In the material below, find the line that contains "Please think through build C" and the line that contains "A: s coefficient", then write out exactly those two lines and everything between them.

*** Opening The records ***

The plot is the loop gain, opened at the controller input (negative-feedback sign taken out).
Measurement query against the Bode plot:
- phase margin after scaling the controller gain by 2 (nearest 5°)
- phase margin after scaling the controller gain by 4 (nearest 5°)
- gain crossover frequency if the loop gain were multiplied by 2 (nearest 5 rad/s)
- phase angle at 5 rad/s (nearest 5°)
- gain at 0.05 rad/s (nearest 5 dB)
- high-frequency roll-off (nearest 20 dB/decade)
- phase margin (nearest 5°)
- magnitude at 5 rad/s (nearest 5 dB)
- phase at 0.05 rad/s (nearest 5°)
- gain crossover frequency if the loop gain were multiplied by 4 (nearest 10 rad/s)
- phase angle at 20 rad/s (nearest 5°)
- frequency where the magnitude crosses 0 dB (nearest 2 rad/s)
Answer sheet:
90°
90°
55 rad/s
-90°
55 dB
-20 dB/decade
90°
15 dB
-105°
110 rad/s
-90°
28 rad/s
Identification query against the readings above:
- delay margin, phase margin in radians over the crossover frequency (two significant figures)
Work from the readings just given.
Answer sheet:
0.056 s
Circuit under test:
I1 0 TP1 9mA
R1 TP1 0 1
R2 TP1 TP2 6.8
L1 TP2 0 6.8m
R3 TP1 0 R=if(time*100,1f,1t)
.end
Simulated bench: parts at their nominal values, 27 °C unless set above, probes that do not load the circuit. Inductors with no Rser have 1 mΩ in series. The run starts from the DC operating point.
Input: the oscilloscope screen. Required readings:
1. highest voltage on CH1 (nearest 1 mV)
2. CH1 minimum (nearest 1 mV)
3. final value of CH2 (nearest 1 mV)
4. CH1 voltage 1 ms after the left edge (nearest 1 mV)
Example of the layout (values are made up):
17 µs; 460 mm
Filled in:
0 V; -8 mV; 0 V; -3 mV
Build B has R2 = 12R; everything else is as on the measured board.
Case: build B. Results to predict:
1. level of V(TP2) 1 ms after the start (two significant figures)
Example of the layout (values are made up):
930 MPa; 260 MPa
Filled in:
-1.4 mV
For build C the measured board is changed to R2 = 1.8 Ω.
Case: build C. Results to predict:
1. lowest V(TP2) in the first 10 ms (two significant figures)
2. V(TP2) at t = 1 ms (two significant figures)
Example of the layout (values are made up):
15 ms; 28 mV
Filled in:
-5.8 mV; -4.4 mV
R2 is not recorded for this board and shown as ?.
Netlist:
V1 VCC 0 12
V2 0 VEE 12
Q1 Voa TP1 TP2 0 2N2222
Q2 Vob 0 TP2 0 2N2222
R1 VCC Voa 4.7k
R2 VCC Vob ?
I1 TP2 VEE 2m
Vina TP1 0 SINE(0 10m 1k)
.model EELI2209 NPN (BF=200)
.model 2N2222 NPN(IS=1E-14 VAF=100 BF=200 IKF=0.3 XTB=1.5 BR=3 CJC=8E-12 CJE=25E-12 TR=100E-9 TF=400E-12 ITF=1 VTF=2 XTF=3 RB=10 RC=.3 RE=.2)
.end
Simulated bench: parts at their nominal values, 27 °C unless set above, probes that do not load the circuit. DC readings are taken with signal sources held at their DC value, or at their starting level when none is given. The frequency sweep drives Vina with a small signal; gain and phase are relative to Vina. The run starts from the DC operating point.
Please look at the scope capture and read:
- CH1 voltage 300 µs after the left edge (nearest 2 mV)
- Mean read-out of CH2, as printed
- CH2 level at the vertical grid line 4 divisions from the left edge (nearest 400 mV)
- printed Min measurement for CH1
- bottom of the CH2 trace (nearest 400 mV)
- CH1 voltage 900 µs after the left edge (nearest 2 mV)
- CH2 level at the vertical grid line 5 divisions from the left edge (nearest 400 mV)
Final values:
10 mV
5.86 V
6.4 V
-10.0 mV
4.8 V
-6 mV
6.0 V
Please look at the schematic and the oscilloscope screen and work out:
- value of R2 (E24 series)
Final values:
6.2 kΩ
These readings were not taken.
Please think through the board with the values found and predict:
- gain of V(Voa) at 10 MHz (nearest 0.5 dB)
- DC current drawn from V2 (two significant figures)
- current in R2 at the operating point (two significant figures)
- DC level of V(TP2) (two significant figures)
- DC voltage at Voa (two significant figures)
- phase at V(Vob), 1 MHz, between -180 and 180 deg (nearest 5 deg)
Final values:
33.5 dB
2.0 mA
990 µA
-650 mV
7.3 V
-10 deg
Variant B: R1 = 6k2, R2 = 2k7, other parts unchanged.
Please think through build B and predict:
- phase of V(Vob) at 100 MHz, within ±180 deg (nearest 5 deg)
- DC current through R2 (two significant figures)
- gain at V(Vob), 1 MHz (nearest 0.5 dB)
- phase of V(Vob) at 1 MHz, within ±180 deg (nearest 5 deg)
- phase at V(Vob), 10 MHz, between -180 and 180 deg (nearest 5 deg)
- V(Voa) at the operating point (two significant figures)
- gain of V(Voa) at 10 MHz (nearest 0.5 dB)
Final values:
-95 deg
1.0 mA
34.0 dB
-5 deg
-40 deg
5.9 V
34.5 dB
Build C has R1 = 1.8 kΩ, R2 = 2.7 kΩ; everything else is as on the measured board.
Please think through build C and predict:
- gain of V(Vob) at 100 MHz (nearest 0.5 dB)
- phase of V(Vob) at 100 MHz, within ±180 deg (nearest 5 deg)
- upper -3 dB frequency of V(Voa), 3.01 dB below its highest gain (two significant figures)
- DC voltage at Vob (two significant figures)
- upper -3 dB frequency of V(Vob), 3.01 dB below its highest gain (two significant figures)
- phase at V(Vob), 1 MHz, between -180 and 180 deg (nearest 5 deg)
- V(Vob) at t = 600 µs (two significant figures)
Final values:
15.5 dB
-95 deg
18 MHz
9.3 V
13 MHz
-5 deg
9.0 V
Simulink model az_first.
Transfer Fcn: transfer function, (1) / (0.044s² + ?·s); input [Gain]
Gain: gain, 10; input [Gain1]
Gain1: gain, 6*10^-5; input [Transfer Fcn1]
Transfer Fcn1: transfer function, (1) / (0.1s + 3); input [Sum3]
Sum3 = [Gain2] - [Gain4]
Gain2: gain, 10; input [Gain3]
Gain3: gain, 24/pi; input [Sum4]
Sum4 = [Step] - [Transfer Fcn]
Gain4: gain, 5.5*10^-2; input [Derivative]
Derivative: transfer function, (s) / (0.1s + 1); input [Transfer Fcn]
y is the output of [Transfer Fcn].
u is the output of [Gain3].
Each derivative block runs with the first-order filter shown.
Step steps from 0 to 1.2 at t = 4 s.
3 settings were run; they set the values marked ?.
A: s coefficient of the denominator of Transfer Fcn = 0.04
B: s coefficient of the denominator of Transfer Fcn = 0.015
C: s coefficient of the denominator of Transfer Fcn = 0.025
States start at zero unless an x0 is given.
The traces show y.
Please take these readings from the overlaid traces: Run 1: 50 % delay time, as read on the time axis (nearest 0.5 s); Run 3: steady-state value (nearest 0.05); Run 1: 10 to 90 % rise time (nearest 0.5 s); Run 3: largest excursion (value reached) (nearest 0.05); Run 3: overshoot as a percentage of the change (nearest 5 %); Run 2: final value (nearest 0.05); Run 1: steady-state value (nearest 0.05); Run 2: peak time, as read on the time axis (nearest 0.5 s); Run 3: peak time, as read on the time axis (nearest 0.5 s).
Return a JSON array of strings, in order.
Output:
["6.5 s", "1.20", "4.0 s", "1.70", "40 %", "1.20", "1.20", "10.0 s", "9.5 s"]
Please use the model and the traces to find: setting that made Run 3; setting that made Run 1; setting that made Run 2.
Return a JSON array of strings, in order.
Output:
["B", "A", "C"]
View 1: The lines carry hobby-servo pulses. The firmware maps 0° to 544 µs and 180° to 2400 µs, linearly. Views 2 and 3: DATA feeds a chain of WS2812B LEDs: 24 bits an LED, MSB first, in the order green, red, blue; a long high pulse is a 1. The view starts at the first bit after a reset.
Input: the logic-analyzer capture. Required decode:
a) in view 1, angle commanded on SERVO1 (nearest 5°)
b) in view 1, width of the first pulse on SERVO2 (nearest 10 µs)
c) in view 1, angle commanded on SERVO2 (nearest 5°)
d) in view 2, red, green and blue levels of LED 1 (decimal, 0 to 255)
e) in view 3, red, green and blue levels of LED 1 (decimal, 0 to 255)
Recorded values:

*** Closing The records ***

## Your response
Please think through build C and predict:
- gain of V(Vob) at 100 MHz (nearest 0.5 dB)
- phase of V(Vob) at 100 MHz, within ±180 deg (nearest 5 deg)
- upper -3 dB frequency of V(Voa), 3.01 dB below its highest gain (two significant figures)
- DC voltage at Vob (two significant figures)
- upper -3 dB frequency of V(Vob), 3.01 dB below its highest gain (two significant figures)
- phase at V(Vob), 1 MHz, between -180 and 180 deg (nearest 5 deg)
- V(Vob) at t = 600 µs (two significant figures)
Final values:
15.5 dB
-95 deg
18 MHz
9.3 V
13 MHz
-5 deg
9.0 V
Simulink model az_first.
Transfer Fcn: transfer function, (1) / (0.044s² + ?·s); input [Gain]
Gain: gain, 10; input [Gain1]
Gain1: gain, 6*10^-5; input [Transfer Fcn1]
Transfer Fcn1: transfer function, (1) / (0.1s + 3); input [Sum3]
Sum3 = [Gain2] - [Gain4]
Gain2: gain, 10; input [Gain3]
Gain3: gain, 24/pi; input [Sum4]
Sum4 = [Step] - [Transfer Fcn]
Gain4: gain, 5.5*10^-2; input [Derivative]
Derivative: transfer function, (s) / (0.1s + 1); input [Transfer Fcn]
y is the output of [Transfer Fcn].
u is the output of [Gain3].
Each derivative block runs with the first-order filter shown.
Step steps from 0 to 1.2 at t = 4 s.
3 settings were run; they set the values marked ?.
A: s coefficient of the denominator of Transfer Fcn = 0.04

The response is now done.